- _Assignment_: Restate the records in full and exactly, with no images included.

- _Data for analysis_:

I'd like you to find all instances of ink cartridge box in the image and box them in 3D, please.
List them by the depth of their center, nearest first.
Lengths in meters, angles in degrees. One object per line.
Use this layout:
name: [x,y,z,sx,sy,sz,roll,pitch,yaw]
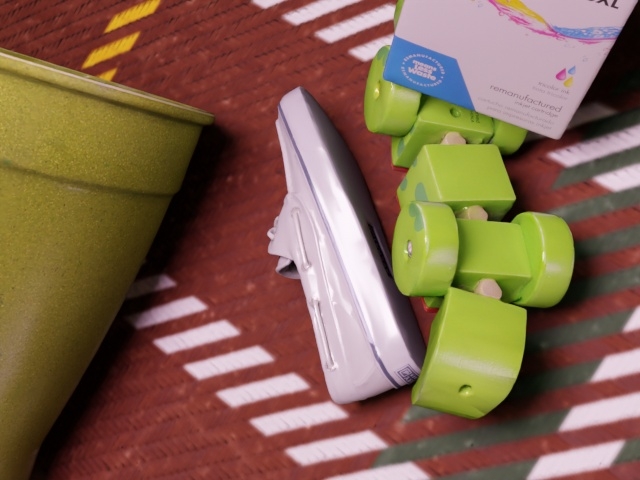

- _Response for this exercise_:
I'd like you to find all instances of ink cartridge box in the image and box them in 3D, please.
List them by the depth of their center, nearest first.
Lengths in meters, angles in degrees. One object per line.
Use this layout:
name: [x,y,z,sx,sy,sz,roll,pitch,yaw]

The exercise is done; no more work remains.